FlushingCaps19 March 2021
Warning: Spoilers
Safe cracker parolee Sammy Morrisey (played by Paul Hartman, best remembered as Mayberry's Fix-it Man Emmitt) is hired by an advertising agency to "endorse" a supposed burglar-proof safe. The stunt is that he will receive only $500 if he cannot open the safe, and if he does, there's $50,000 in cash inside the safe that will be his.

Instead of a filmed commercial or print ad that would just come across as phony, he is to do his work live before an audience of police officers and newspaper reporters at the company's headquarters.
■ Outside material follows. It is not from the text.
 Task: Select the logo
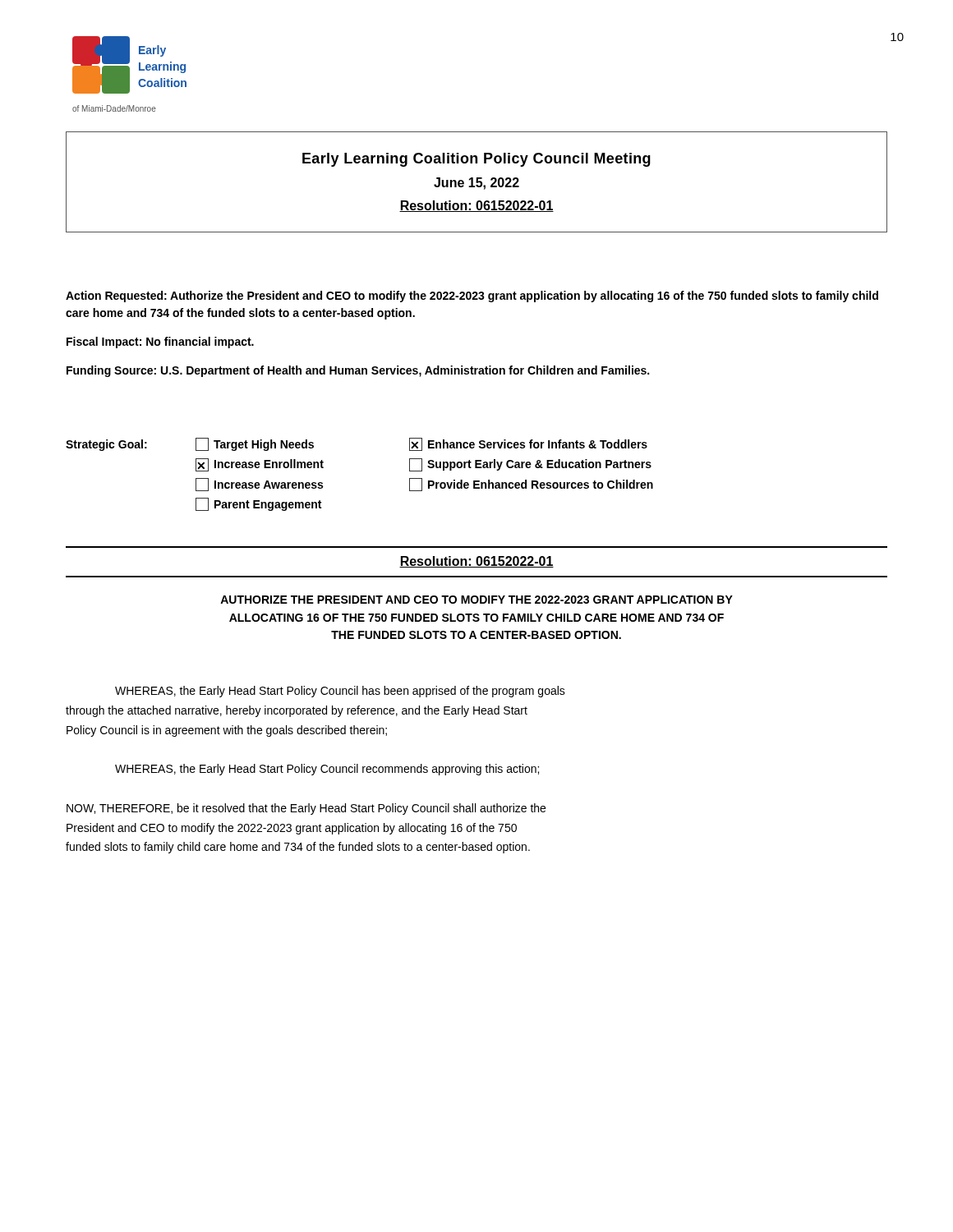tap(131, 76)

They announce how much money is in the envelope, then hand it to a cop who is to take it directly to the safe, which he does. Then Sammy has 3 hours to open the thing in front of all those witnesses. We see him spinning the tumblers and then trying various sorts of drills and welding torches and finally nitro. Everything fails. He is given his $500 and thanked for his work, as he walks away looking perplexed.
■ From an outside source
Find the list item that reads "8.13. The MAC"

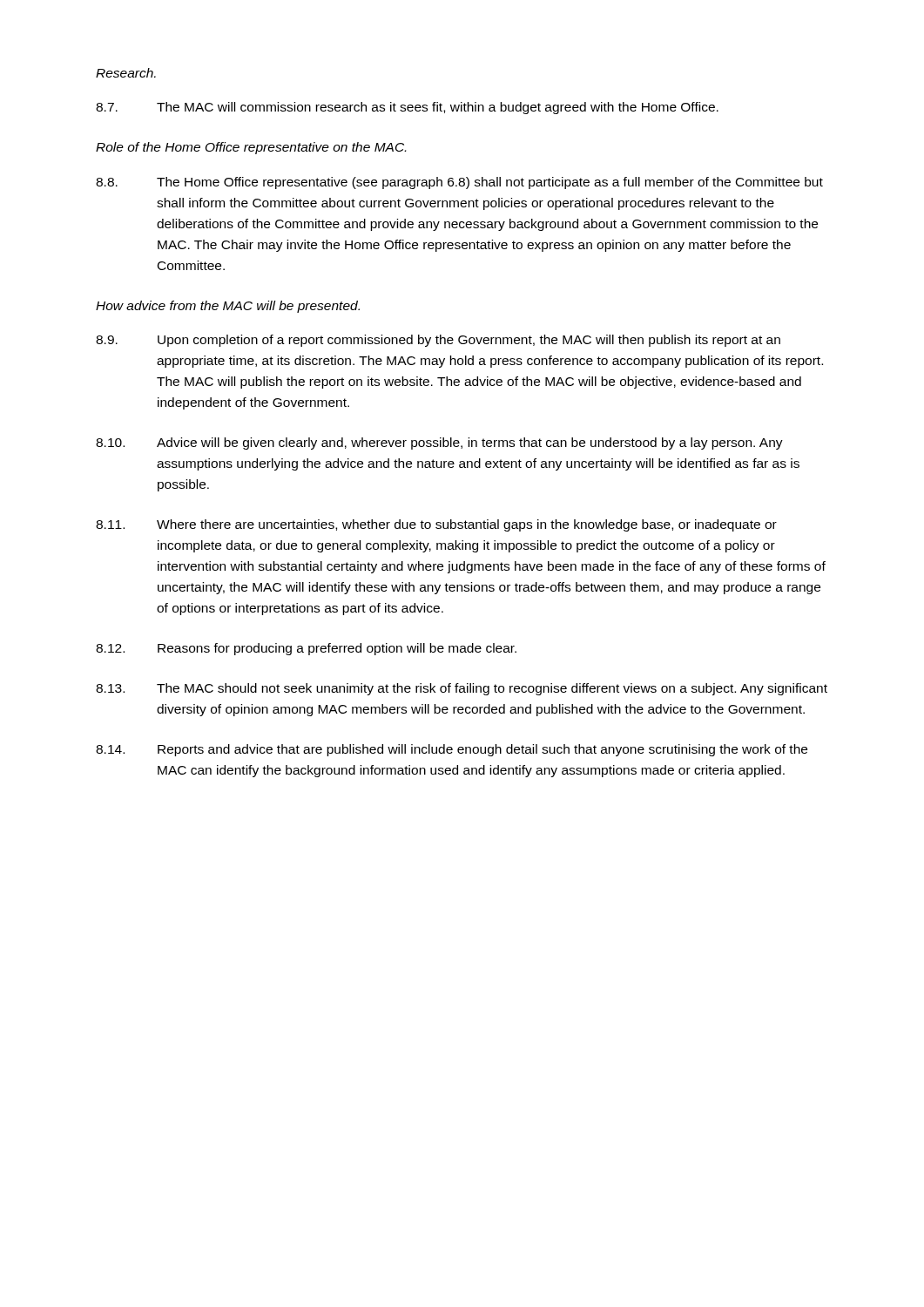[x=462, y=699]

Everyone at the ad agency and the safe company is delighted, knowing the publicity from the reporters will be far better for sales than any multi-million dollar ad campaign.

But the next morning, when the time lock lets them open that safe, suddenly everything goes wrong and that's as close as I'm getting to a spoiler here.

This is clearly one of the most humorous episodes in the series and the twist at the end definitely will surprise many first-time viewers. I will say I had it halfway figured out, and that's closer than I normally get. It was well done and they did show enough to reveal what happened at the end. Sometimes we just learn the finish from Hitch, which is usually disappointing to me.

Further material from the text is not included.